▸ REQUIRED ACTION
Retype each record below word for word, pictures excluded.

[Stored entries]

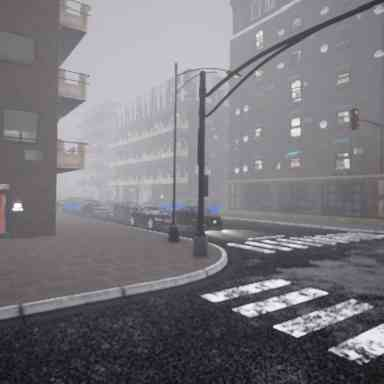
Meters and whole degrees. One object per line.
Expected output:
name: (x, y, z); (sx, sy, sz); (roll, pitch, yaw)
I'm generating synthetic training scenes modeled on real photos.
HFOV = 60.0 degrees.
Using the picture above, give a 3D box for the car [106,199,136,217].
car: (-5.658, 1.579, 30.275); (2.128, 1.511, 4.902); (1, -1, -35)

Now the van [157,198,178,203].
van: (-2.466, 1.522, 35.180); (1.690, 1.788, 3.998); (1, -1, -35)

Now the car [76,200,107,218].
car: (-8.949, 1.633, 30.696); (1.802, 1.307, 4.206); (1, -1, -35)

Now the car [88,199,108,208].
car: (-15.197, 1.804, 53.582); (1.802, 1.307, 4.206); (1, -1, -35)

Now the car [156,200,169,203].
car: (-4.632, 1.740, 33.815); (1.895, 1.301, 4.718); (1, -1, -35)

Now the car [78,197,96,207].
car: (-18.377, 1.672, 58.185); (1.967, 1.590, 4.097); (1, -1, -35)

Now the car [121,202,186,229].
car: (-2.584, 1.580, 21.494); (2.008, 1.369, 4.403); (1, -1, -35)

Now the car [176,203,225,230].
car: (0.244, 1.631, 21.738); (1.994, 1.385, 4.181); (1, -1, -35)

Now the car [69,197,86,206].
car: (-21.559, 1.681, 62.786); (1.967, 1.590, 4.097); (1, -1, -35)

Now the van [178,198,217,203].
van: (0.717, 1.511, 30.579); (1.690, 1.788, 3.998); (1, -1, -35)

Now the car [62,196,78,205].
car: (-24.741, 1.690, 67.387); (1.967, 1.590, 4.097); (1, -1, -35)

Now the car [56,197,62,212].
car: (-15.313, 1.623, 39.899); (2.008, 1.369, 4.403); (1, -1, -35)

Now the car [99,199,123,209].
car: (-12.014, 1.757, 48.982); (1.887, 1.381, 4.507); (1, -1, -35)

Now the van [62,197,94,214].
van: (-12.128, 1.403, 35.299); (1.690, 1.788, 3.998); (1, -1, -35)

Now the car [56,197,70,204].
car: (-27.925, 1.803, 71.987); (1.887, 1.381, 4.507); (1, -1, -35)

▸ PROBLEM SOLUTION
Meters and whole degrees. One object per line.
Expected output:
name: (x, y, z); (sx, sy, sz); (roll, pitch, yaw)
I'm generating synthetic training scenes modeled on real photos.
HFOV = 60.0 degrees.
Using the picture above, give a 3D box for the car [106,199,136,217].
car: (-5.658, 1.579, 30.275); (2.128, 1.511, 4.902); (1, -1, -35)

Now the van [157,198,178,203].
van: (-2.466, 1.522, 35.180); (1.690, 1.788, 3.998); (1, -1, -35)

Now the car [76,200,107,218].
car: (-8.949, 1.633, 30.696); (1.802, 1.307, 4.206); (1, -1, -35)

Now the car [88,199,108,208].
car: (-15.197, 1.804, 53.582); (1.802, 1.307, 4.206); (1, -1, -35)

Now the car [156,200,169,203].
car: (-4.632, 1.740, 33.815); (1.895, 1.301, 4.718); (1, -1, -35)

Now the car [78,197,96,207].
car: (-18.377, 1.672, 58.185); (1.967, 1.590, 4.097); (1, -1, -35)

Now the car [121,202,186,229].
car: (-2.584, 1.580, 21.494); (2.008, 1.369, 4.403); (1, -1, -35)

Now the car [176,203,225,230].
car: (0.244, 1.631, 21.738); (1.994, 1.385, 4.181); (1, -1, -35)

Now the car [69,197,86,206].
car: (-21.559, 1.681, 62.786); (1.967, 1.590, 4.097); (1, -1, -35)

Now the van [178,198,217,203].
van: (0.717, 1.511, 30.579); (1.690, 1.788, 3.998); (1, -1, -35)

Now the car [62,196,78,205].
car: (-24.741, 1.690, 67.387); (1.967, 1.590, 4.097); (1, -1, -35)

Now the car [56,197,62,212].
car: (-15.313, 1.623, 39.899); (2.008, 1.369, 4.403); (1, -1, -35)

Now the car [99,199,123,209].
car: (-12.014, 1.757, 48.982); (1.887, 1.381, 4.507); (1, -1, -35)

Now the van [62,197,94,214].
van: (-12.128, 1.403, 35.299); (1.690, 1.788, 3.998); (1, -1, -35)

Now the car [56,197,70,204].
car: (-27.925, 1.803, 71.987); (1.887, 1.381, 4.507); (1, -1, -35)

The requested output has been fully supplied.